***** STORED DATA

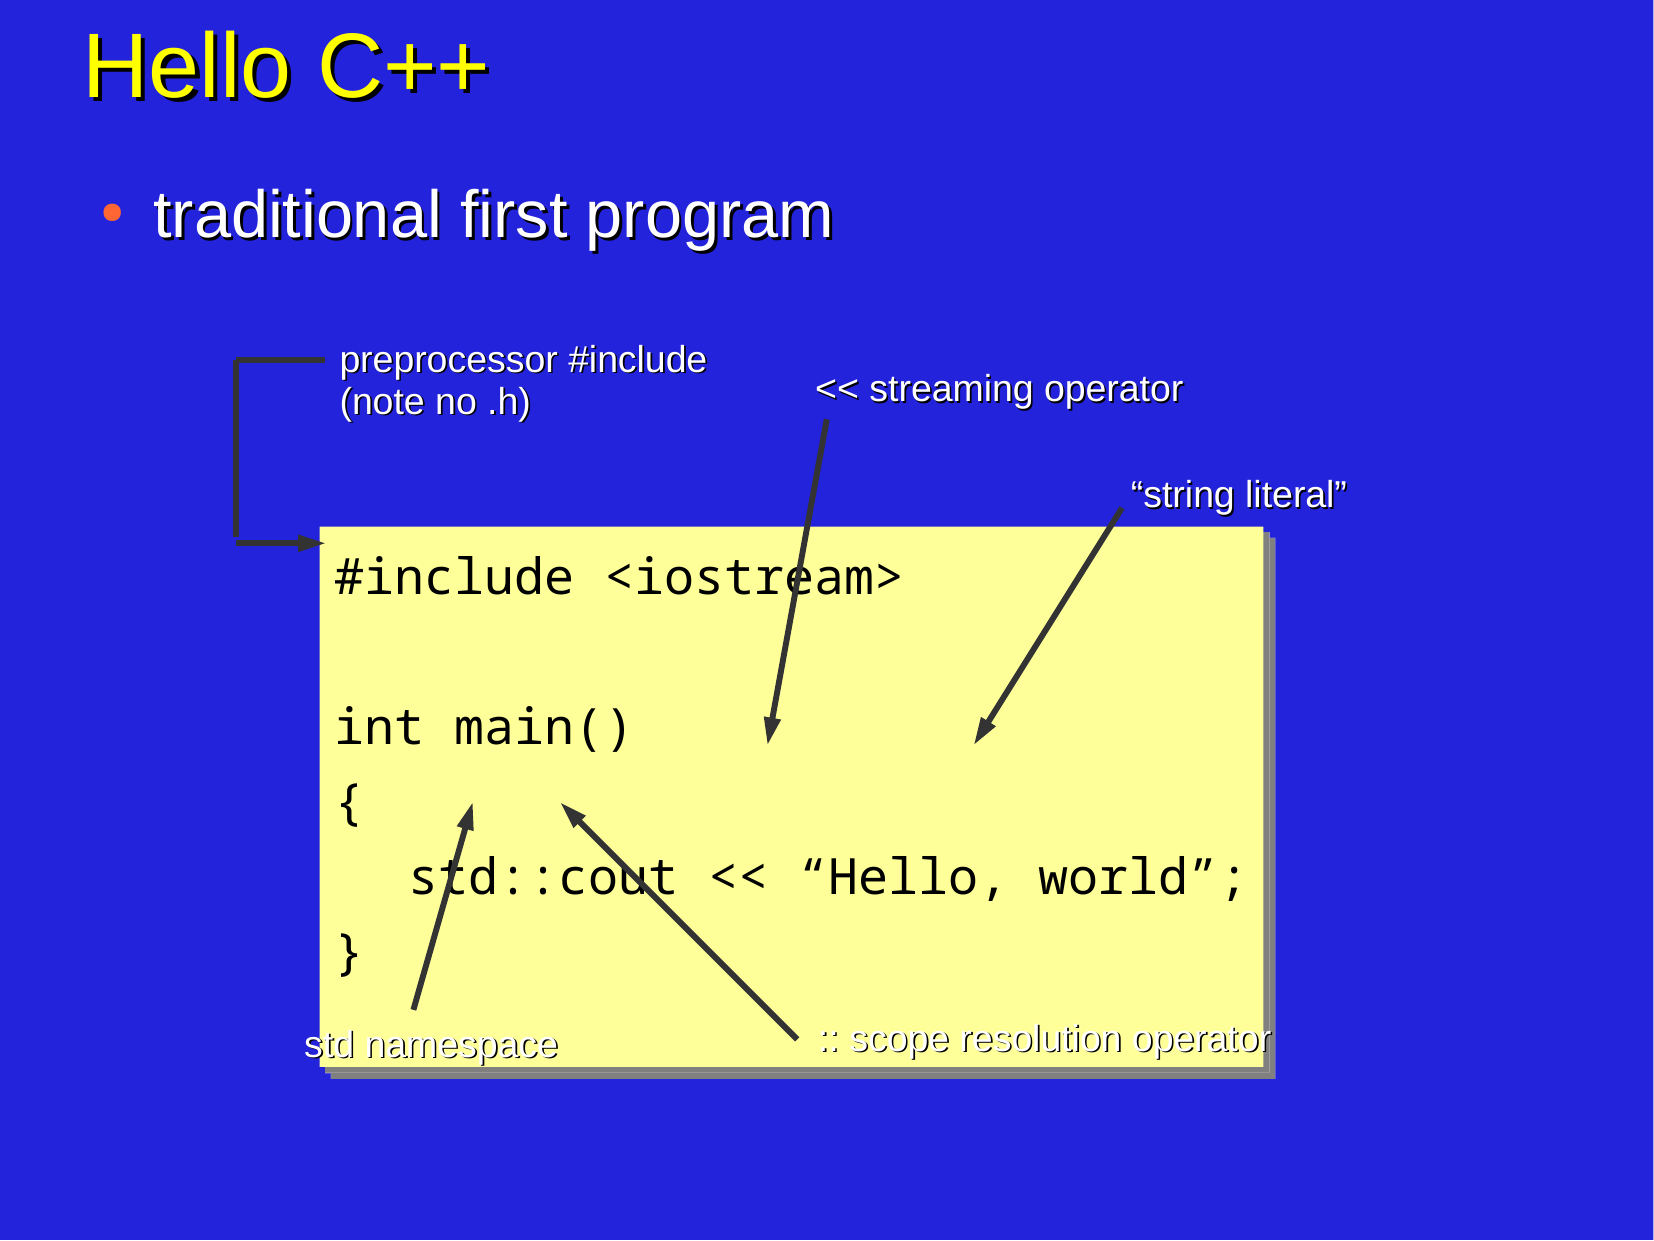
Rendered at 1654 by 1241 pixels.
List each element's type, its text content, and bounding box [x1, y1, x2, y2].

list traditional first program [82, 177, 1571, 1182]
text_box “string literal” [1116, 466, 1382, 615]
text_box std namespace [289, 1015, 574, 1164]
text_box << streaming operator [800, 360, 1199, 508]
text_box #include <iostream> int main() { std::cout << “Hello, world”; } [319, 526, 1264, 1067]
title Hello C++ [82, 2, 1571, 130]
text_box :: scope resolution operator [803, 1009, 1288, 1158]
text_box preprocessor #include (note no .h) [324, 330, 926, 479]

**********

**WORK ITEM**
Your answer must be an exact repeat of all the records, minus the pictures.

**EXPECTED ANSWER**
Rendered at 1654 by 1241 pixels.
List each element's type, its text content, and bounding box [x1, y1, x2, y2].

list traditional first program [82, 177, 1571, 1182]
text_box “string literal” [1116, 466, 1382, 615]
text_box std namespace [289, 1015, 574, 1164]
text_box << streaming operator [800, 360, 1199, 508]
text_box #include <iostream> int main() { std::cout << “Hello, world”; } [319, 526, 1264, 1067]
title Hello C++ [82, 2, 1571, 130]
text_box :: scope resolution operator [803, 1009, 1288, 1158]
text_box preprocessor #include (note no .h) [324, 330, 926, 479]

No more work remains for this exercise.